== Directions for this task ==
Give back all the records exactly, keeping every line whole.

[Supplied entries — start]

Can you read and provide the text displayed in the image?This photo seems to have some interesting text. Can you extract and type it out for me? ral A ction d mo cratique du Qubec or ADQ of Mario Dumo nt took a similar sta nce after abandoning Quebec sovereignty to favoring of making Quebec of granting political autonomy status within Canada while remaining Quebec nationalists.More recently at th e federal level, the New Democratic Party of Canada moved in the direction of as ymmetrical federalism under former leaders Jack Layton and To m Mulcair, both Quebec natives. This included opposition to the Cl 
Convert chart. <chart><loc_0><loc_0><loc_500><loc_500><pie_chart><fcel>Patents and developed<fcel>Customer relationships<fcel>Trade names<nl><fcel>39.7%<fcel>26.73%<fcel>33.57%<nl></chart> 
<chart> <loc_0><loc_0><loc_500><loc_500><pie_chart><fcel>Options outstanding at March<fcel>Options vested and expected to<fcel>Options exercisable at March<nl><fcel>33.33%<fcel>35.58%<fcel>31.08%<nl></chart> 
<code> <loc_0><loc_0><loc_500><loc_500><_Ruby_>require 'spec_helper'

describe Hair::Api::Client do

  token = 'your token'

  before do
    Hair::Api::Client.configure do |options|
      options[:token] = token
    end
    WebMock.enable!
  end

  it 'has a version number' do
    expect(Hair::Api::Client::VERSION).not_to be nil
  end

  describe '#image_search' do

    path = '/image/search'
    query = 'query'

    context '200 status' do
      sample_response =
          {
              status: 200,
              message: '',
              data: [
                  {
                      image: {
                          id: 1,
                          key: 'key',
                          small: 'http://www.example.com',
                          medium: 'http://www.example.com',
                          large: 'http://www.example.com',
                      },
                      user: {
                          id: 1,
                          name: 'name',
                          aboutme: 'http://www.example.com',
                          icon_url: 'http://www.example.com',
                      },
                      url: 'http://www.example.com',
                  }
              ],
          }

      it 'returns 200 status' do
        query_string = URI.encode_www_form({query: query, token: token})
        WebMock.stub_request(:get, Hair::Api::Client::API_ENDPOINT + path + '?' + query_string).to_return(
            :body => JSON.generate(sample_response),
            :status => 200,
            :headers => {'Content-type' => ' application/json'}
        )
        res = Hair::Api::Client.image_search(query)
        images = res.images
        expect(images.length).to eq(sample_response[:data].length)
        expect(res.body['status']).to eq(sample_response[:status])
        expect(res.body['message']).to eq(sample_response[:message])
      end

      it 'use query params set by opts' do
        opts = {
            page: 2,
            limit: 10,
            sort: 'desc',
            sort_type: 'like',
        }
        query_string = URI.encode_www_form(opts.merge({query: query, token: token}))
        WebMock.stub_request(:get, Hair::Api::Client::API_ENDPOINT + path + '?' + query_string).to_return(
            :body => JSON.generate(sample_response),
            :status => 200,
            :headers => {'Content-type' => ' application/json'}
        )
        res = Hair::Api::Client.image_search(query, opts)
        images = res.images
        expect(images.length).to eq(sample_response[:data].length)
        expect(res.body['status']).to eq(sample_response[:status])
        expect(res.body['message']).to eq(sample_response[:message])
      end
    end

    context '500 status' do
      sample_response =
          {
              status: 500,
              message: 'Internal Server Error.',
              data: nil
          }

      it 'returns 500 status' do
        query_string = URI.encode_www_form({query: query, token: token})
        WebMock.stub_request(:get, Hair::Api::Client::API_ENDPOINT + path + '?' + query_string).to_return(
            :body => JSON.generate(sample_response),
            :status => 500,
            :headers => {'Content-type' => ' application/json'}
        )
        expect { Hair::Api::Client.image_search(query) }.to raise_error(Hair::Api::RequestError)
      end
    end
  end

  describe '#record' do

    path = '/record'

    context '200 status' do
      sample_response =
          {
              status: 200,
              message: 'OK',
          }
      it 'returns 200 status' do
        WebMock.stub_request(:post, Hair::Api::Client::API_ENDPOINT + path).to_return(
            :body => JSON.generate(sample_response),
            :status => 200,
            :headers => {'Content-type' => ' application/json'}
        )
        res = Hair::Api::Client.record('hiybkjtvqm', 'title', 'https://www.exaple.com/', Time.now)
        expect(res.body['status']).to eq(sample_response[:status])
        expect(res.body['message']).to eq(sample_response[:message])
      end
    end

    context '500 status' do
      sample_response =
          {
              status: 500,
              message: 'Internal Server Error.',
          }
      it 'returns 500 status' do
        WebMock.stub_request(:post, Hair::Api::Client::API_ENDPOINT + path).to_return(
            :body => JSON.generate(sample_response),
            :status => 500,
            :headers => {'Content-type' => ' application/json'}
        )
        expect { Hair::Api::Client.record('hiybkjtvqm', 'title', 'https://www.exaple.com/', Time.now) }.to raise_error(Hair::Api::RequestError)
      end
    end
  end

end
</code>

[Supplied entries — finish]

== Worked solution ==
Can you read and provide the text displayed in the image?This photo seems to have some interesting text. Can you extract and type it out for me? ral A ction d mo cratique du Qubec or ADQ of Mario Dumo nt took a similar sta nce after abandoning Quebec sovereignty to favoring of making Quebec of granting political autonomy status within Canada while remaining Quebec nationalists.More recently at th e federal level, the New Democratic Party of Canada moved in the direction of as ymmetrical federalism under former leaders Jack Layton and To m Mulcair, both Quebec natives. This included opposition to the Cl 
Convert chart. <chart><loc_0><loc_0><loc_500><loc_500><pie_chart><fcel>Patents and developed<fcel>Customer relationships<fcel>Trade names<nl><fcel>39.7%<fcel>26.73%<fcel>33.57%<nl></chart> 
<chart> <loc_0><loc_0><loc_500><loc_500><pie_chart><fcel>Options outstanding at March<fcel>Options vested and expected to<fcel>Options exercisable at March<nl><fcel>33.33%<fcel>35.58%<fcel>31.08%<nl></chart> 
<code> <loc_0><loc_0><loc_500><loc_500><_Ruby_>require 'spec_helper'

describe Hair::Api::Client do

  token = 'your token'

  before do
    Hair::Api::Client.configure do |options|
      options[:token] = token
    end
    WebMock.enable!
  end

  it 'has a version number' do
    expect(Hair::Api::Client::VERSION).not_to be nil
  end

  describe '#image_search' do

    path = '/image/search'
    query = 'query'

    context '200 status' do
      sample_response =
          {
              status: 200,
              message: '',
              data: [
                  {
                      image: {
                          id: 1,
                          key: 'key',
                          small: 'http://www.example.com',
                          medium: 'http://www.example.com',
                          large: 'http://www.example.com',
                      },
                      user: {
                          id: 1,
                          name: 'name',
                          aboutme: 'http://www.example.com',
                          icon_url: 'http://www.example.com',
                      },
                      url: 'http://www.example.com',
                  }
              ],
          }

      it 'returns 200 status' do
        query_string = URI.encode_www_form({query: query, token: token})
        WebMock.stub_request(:get, Hair::Api::Client::API_ENDPOINT + path + '?' + query_string).to_return(
            :body => JSON.generate(sample_response),
            :status => 200,
            :headers => {'Content-type' => ' application/json'}
        )
        res = Hair::Api::Client.image_search(query)
        images = res.images
        expect(images.length).to eq(sample_response[:data].length)
        expect(res.body['status']).to eq(sample_response[:status])
        expect(res.body['message']).to eq(sample_response[:message])
      end

      it 'use query params set by opts' do
        opts = {
            page: 2,
            limit: 10,
            sort: 'desc',
            sort_type: 'like',
        }
        query_string = URI.encode_www_form(opts.merge({query: query, token: token}))
        WebMock.stub_request(:get, Hair::Api::Client::API_ENDPOINT + path + '?' + query_string).to_return(
            :body => JSON.generate(sample_response),
            :status => 200,
            :headers => {'Content-type' => ' application/json'}
        )
        res = Hair::Api::Client.image_search(query, opts)
        images = res.images
        expect(images.length).to eq(sample_response[:data].length)
        expect(res.body['status']).to eq(sample_response[:status])
        expect(res.body['message']).to eq(sample_response[:message])
      end
    end

    context '500 status' do
      sample_response =
          {
              status: 500,
              message: 'Internal Server Error.',
              data: nil
          }

      it 'returns 500 status' do
        query_string = URI.encode_www_form({query: query, token: token})
        WebMock.stub_request(:get, Hair::Api::Client::API_ENDPOINT + path + '?' + query_string).to_return(
            :body => JSON.generate(sample_response),
            :status => 500,
            :headers => {'Content-type' => ' application/json'}
        )
        expect { Hair::Api::Client.image_search(query) }.to raise_error(Hair::Api::RequestError)
      end
    end
  end

  describe '#record' do

    path = '/record'

    context '200 status' do
      sample_response =
          {
              status: 200,
              message: 'OK',
          }
      it 'returns 200 status' do
        WebMock.stub_request(:post, Hair::Api::Client::API_ENDPOINT + path).to_return(
            :body => JSON.generate(sample_response),
            :status => 200,
            :headers => {'Content-type' => ' application/json'}
        )
        res = Hair::Api::Client.record('hiybkjtvqm', 'title', 'https://www.exaple.com/', Time.now)
        expect(res.body['status']).to eq(sample_response[:status])
        expect(res.body['message']).to eq(sample_response[:message])
      end
    end

    context '500 status' do
      sample_response =
          {
              status: 500,
              message: 'Internal Server Error.',
          }
      it 'returns 500 status' do
        WebMock.stub_request(:post, Hair::Api::Client::API_ENDPOINT + path).to_return(
            :body => JSON.generate(sample_response),
            :status => 500,
            :headers => {'Content-type' => ' application/json'}
        )
        expect { Hair::Api::Client.record('hiybkjtvqm', 'title', 'https://www.exaple.com/', Time.now) }.to raise_error(Hair::Api::RequestError)
      end
    end
  end

end
</code>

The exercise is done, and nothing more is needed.